過去になされた文化財・近代化遺産構造物を含む歴史的建造物の調査・診断・修復・補強事例を系統的に整理し、普遍的な課題を抽出するとともに問題点を明らかにする。
国内外の歴史的建造物の調査研究を通して、劣化現象と修復方法を整理し、調査・診断・補修・補強方法の問題点(課題)を明確にする。
課題の明確化1,2に基づき、耐久性向上技術と補強技術について、補強効果、施工精度、景観、耐久性、傷害程度、オーセンティシティ、可逆性、経済性などの観点から評価を行う。
光学的計測技術や削孔ドリル法、ASTM、RILEM TC 127-MSで規定されているフラットジャッキ、微動観測やモニタリングなどの非破壊・微破壊検査技術を組積造・RC造の歴史的建造物に適用し、その有効性や適用範囲を評価、検証する。
材料の劣化現象、特に塩析出による劣化原因と実態の把握のため、内外の環境計測、材料の水分状態の計測、塩の採取分析、材料の水分移動特性を測定する。
材料の化学的分析や材料実験により、材料の劣化メカニズムと将来予測、劣化抑制材料や表面保護の方法を検討し、補修材料の暴露試験や促進耐候性試験に基づく有効な補修方法を提案する。
モニタリングにより補修・補強効果を検証する。
劣化現況調査・診断と環境実験・材料実験・構造実験、構造解析による構造特性・耐震性能の評価、モニタリング結果に基づき、オーセンティシティを確保した上での具体的な材料の補修や構造補強方法の提案(開発)とガイドラインを作成する。
剛体バネモデルを用いて、材料が乾燥・温度変化を受けた場合にコンクリートの影響を考慮できる、部材性能評価方法を構築しています。
せん断補強筋が腐食を受ける場合の基礎研究として,腐食によりせん断補強筋-コンクリート間の付着が失われる場合の力学特性の変化について検討する。

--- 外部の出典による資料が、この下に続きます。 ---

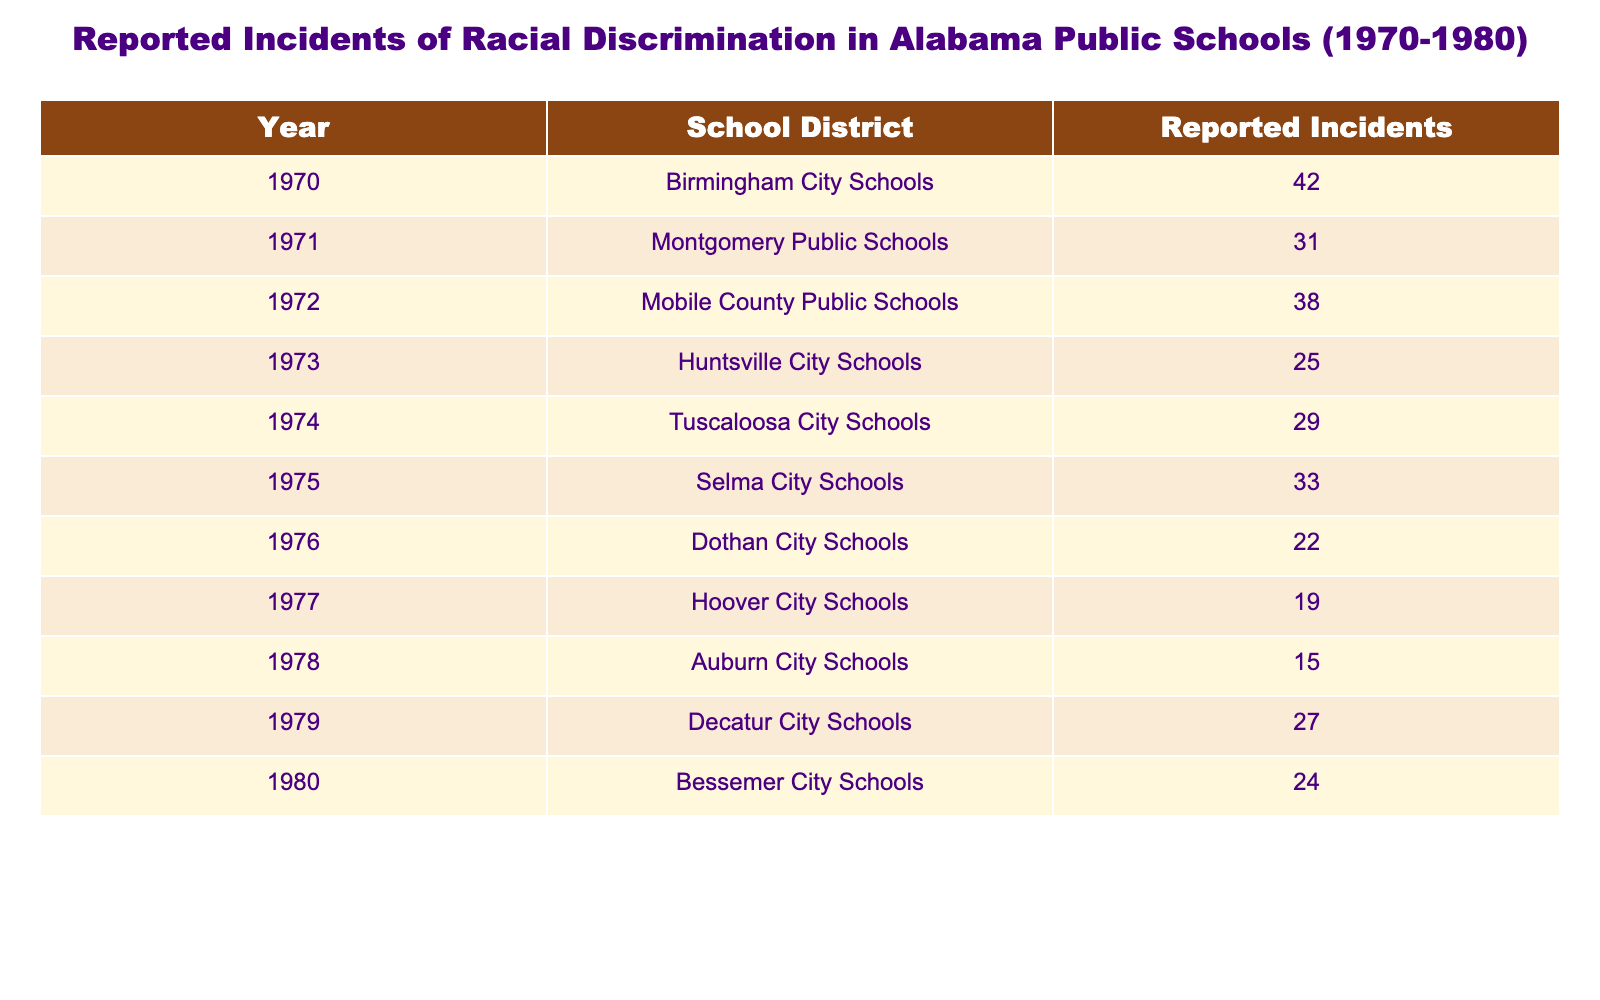What was the highest number of reported incidents of racial discrimination in a single year? By examining the table, the year with the highest reported incidents is 1970 with 42 incidents in Birmingham City Schools.
Answer: 42 Which school district reported the fewest incidents in the decade? Looking at the reported incidents, Auburn City Schools in 1978 reported the least with 15 incidents.
Answer: 15 What is the total number of reported incidents from 1970 to 1980? Adding all the reported incidents together: 42 + 31 + 38 + 25 + 29 + 33 + 22 + 19 + 15 + 27 + 24 =  319.
Answer: 319 In which year did Huntsville City Schools have their incidents reported? The table shows that Huntsville City Schools reported incidents in 1973.
Answer: 1973 What was the average number of reported incidents per year for the decade? To find the average, sum the reported incidents (319) and divide by the number of years (11): 319 / 11 ≈ 29. Therefore, the average is about 29 incidences.
Answer: 29 Did any school district report more than 40 incidents in a single year? Yes, Birmingham City Schools reported 42 incidents in 1970, which is more than 40.
Answer: Yes What is the difference in reported incidents between the highest and lowest years? The highest year was 1970 with 42 incidents, and the lowest was 1978 with 15 incidents. The difference is 42 - 15 = 27.
Answer: 27 Which two consecutive years had an increase in reported incidents? In 1975 (33 incidents) and 1976 (22 incidents), the report decreased. However, from 1978 (15 incidents) to 1979 (27 incidents), there was an increase of 12.
Answer: 1978 to 1979 How many years had reports of incidents below the average? The average is approximately 29. The years below this number are 1976 (22), 1977 (19), and 1978 (15), giving a total of 3 years below average.
Answer: 3 Was there a year in which reported incidents increased compared to the previous year? Yes, in 1979, the reported incidents increased from 15 in 1978 to 27 in 1979, showing an increase.
Answer: Yes Which school district experienced a notable decrease over the decade? Hoover City Schools reported 19 incidents in 1977, significantly lower than other years like Birmingham City Schools (42 incidents).
Answer: Hoover City Schools

本研究では、コンクリート造の歴史的構造物に対して、オーセンティシティ確保のための外観の変化を抑制したり、調整することの出来る補修技術を提案する。
本研究プロジェクトにおいては、歴史的建造物の補強前後の構造性能を評価する理論的・解析的手法を開発している。
国内外の歴史的建造物に加速度計、変位計、傾斜計、温湿度センサーなどを取り付けモニタリングすることにより、補強前、補強途中の構造的安定性と補強後の補強効果、補修効果を検証する。
歴史的建造物の経済価値を考慮した地震損失評価に基づく当該建造物の供用計画(事業継続計画)策定に資する,構造物の保存再生方法を合理的に選択するための性能評価システムを構築する。